| Excerpts from a dataset |
=-=-=
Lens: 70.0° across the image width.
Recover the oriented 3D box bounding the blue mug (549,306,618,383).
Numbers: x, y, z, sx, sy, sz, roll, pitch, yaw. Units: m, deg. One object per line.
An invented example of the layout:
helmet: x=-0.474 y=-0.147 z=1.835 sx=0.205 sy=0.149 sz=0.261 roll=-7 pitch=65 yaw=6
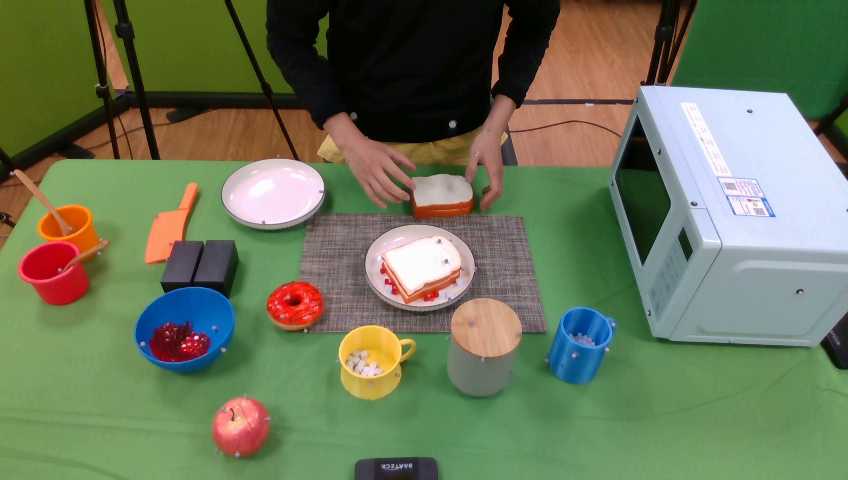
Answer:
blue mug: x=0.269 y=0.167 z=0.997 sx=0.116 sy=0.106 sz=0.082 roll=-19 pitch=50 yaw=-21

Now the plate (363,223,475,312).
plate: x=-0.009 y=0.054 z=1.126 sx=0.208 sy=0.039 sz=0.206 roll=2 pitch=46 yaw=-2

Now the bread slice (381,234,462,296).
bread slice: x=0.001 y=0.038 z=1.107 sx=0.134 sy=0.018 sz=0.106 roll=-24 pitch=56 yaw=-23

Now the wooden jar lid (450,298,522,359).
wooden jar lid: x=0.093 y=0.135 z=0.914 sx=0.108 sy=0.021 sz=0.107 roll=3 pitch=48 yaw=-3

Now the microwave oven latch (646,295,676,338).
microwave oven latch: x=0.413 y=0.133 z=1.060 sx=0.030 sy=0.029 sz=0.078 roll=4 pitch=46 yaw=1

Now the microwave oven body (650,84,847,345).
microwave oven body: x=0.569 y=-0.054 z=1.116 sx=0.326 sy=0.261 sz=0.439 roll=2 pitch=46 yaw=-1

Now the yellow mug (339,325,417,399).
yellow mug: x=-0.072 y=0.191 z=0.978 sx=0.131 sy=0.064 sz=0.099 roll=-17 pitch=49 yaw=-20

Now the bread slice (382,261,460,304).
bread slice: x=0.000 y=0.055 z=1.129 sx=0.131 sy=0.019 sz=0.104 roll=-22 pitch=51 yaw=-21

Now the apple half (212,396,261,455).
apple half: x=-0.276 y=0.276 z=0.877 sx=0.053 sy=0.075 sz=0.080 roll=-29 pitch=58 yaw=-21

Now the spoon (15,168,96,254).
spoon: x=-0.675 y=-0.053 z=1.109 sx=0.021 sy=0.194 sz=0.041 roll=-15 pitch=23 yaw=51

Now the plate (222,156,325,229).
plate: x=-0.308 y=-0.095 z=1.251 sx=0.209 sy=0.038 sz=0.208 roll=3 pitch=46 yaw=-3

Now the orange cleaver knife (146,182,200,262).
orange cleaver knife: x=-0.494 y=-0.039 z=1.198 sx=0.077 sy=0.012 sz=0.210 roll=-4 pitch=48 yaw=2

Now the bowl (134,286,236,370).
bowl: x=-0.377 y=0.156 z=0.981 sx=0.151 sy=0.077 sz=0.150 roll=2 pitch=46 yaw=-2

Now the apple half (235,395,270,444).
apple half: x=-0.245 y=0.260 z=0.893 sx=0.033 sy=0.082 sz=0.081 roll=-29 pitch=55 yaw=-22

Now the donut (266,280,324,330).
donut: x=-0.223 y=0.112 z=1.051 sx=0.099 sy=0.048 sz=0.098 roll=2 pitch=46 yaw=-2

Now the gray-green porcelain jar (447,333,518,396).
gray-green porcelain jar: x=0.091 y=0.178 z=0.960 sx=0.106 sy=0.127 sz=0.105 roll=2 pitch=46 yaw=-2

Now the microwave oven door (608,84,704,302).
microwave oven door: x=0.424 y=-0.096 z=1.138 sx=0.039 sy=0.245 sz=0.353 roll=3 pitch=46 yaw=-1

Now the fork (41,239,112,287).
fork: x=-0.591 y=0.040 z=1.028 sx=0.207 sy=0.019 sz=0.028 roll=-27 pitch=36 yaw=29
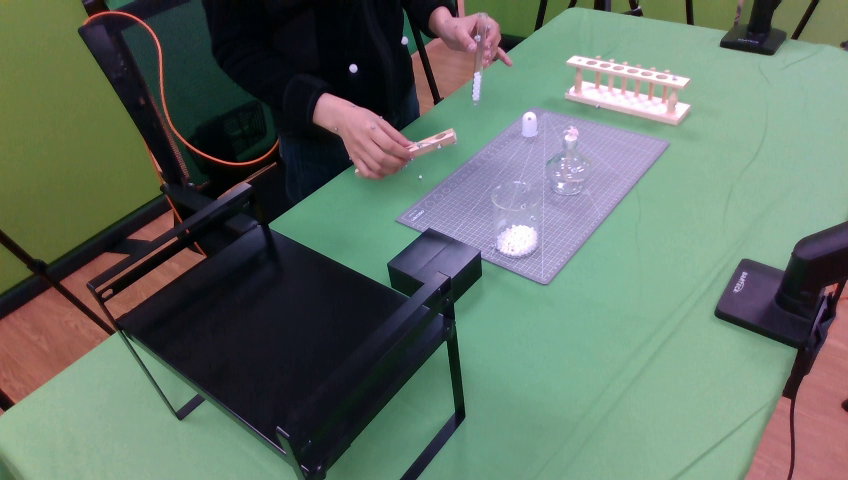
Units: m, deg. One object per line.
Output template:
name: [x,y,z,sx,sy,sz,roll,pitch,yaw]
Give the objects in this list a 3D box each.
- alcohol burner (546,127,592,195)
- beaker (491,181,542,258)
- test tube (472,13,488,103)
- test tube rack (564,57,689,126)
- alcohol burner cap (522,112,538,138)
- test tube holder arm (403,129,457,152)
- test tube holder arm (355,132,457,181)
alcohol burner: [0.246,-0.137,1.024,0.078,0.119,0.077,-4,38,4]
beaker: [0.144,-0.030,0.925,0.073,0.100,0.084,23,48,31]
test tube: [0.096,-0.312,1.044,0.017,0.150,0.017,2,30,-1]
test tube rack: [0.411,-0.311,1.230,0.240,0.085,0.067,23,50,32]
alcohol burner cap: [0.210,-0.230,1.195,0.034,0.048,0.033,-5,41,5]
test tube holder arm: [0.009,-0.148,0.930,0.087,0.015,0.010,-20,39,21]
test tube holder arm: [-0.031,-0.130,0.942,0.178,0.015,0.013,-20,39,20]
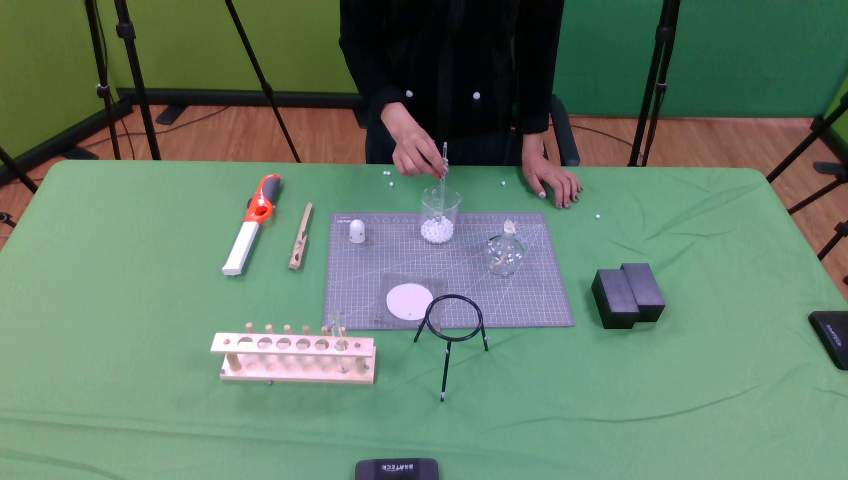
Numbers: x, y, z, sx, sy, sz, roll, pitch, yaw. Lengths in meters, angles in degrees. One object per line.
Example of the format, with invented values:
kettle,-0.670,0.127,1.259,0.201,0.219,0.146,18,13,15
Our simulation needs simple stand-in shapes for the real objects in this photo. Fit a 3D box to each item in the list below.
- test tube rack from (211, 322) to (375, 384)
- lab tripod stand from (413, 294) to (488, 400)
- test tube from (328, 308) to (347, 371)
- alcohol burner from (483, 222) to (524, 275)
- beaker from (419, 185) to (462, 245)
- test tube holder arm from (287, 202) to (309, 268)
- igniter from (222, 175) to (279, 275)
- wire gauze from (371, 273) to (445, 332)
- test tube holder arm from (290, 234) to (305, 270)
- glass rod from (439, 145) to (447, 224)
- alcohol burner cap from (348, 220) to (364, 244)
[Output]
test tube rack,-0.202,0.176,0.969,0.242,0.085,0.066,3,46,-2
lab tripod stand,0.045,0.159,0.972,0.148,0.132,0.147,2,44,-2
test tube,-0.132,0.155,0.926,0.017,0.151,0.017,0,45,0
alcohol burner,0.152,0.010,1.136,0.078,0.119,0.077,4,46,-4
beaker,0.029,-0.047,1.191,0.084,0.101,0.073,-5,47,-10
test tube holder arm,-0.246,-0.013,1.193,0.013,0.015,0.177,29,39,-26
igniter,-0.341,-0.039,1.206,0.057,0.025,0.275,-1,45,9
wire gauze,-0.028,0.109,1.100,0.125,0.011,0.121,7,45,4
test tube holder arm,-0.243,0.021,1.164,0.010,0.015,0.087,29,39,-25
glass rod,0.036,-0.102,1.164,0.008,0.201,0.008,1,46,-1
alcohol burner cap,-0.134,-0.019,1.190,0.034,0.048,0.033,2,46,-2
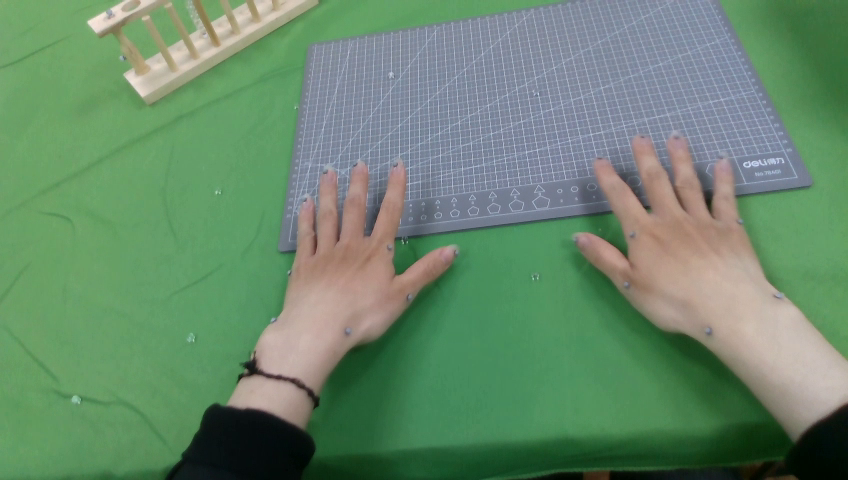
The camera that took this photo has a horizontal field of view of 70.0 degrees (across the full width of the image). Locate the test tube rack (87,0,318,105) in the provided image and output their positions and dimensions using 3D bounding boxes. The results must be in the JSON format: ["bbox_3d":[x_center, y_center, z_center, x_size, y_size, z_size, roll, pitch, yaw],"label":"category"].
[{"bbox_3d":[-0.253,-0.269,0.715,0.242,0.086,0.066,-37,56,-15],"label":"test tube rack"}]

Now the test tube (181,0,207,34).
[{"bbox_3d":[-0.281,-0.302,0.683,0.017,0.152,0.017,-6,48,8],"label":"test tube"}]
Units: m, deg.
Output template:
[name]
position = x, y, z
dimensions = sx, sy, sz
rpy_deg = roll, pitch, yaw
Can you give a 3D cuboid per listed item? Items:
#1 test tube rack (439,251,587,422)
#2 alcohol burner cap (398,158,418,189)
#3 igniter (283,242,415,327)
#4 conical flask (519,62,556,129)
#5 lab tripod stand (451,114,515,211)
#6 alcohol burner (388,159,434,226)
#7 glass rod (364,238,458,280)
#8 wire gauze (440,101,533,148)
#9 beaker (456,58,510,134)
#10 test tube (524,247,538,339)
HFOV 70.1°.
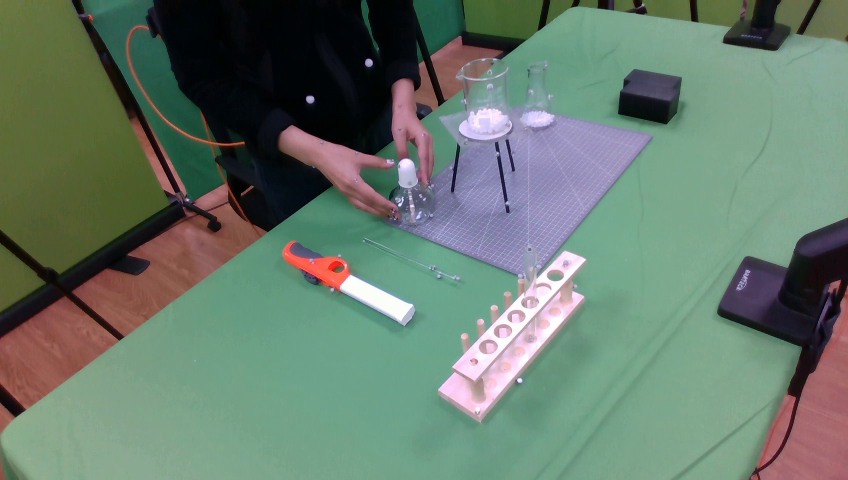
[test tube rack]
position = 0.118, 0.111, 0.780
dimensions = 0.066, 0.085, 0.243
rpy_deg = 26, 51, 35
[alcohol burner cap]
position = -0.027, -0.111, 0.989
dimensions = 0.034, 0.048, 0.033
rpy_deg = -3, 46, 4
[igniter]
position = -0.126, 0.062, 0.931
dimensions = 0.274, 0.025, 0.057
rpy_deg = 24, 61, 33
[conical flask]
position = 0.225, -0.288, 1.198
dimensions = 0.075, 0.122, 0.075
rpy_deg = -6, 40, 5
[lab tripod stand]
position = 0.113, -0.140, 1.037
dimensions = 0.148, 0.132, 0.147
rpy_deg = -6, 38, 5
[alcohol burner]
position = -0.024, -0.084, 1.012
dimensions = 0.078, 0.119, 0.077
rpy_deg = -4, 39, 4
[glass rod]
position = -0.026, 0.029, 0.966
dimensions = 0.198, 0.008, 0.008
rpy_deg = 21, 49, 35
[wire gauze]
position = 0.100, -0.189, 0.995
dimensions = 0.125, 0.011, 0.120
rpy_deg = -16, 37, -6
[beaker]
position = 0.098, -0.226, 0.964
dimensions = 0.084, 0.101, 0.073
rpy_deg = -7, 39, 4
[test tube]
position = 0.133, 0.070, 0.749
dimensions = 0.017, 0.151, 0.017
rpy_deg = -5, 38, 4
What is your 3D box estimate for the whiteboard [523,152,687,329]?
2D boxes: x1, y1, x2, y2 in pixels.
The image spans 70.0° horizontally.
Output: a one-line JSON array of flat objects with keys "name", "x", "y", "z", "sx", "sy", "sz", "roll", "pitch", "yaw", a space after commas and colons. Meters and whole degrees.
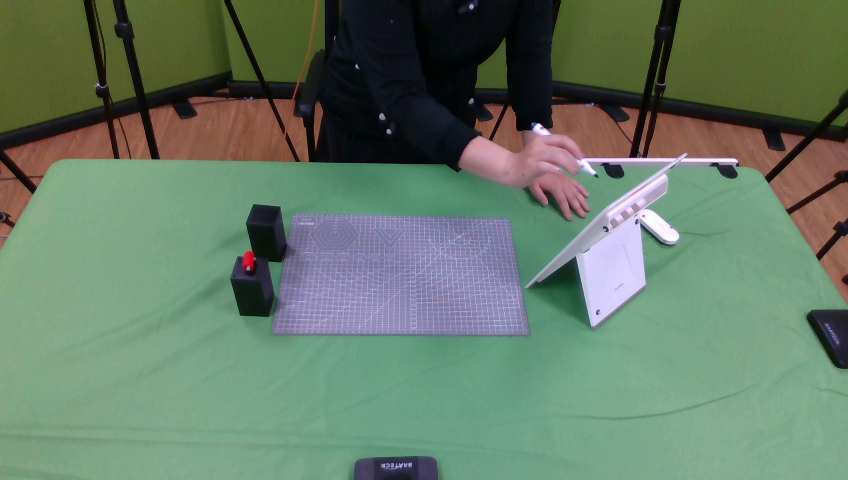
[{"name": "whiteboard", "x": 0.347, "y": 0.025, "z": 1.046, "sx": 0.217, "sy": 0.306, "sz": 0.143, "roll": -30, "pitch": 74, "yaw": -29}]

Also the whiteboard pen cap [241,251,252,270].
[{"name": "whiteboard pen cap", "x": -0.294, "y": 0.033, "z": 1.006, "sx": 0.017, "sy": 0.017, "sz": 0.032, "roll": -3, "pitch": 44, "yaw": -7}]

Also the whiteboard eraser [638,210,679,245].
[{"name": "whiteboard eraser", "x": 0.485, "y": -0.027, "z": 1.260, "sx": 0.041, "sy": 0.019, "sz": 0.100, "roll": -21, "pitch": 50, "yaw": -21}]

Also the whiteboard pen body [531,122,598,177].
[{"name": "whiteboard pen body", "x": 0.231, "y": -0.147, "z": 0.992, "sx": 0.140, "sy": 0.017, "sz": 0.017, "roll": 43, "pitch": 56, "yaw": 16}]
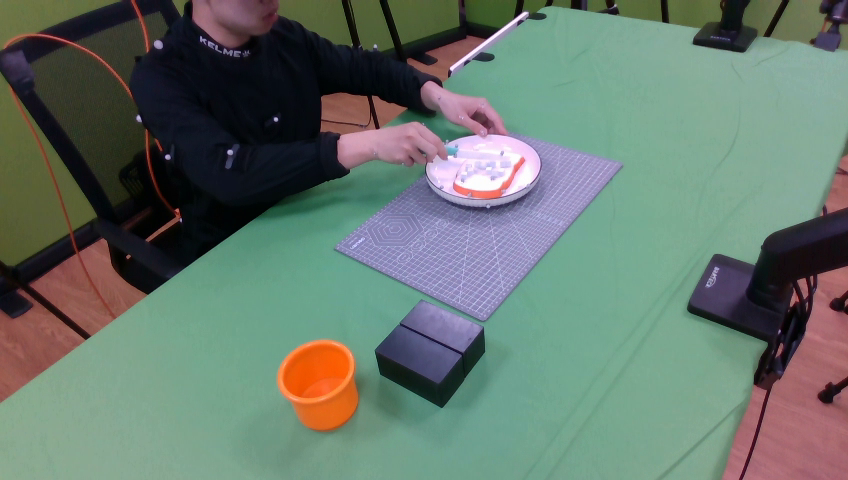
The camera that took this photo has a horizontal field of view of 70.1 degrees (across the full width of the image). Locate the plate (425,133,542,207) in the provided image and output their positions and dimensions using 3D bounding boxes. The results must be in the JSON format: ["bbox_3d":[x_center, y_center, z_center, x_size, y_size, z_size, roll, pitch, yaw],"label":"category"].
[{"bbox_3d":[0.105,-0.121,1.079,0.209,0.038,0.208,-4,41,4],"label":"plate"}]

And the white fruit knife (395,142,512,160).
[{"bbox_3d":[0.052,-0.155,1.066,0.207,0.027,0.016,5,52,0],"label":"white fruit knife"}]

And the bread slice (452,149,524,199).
=-=-=
| Exercise goal |
What is needed is an exact copy of the lines from the one containing "And the white fruit knife (395,142,512,160)." through the final line of the data, both included, and nothing more.

| Reply |
And the white fruit knife (395,142,512,160).
[{"bbox_3d":[0.052,-0.155,1.066,0.207,0.027,0.016,5,52,0],"label":"white fruit knife"}]

And the bread slice (452,149,524,199).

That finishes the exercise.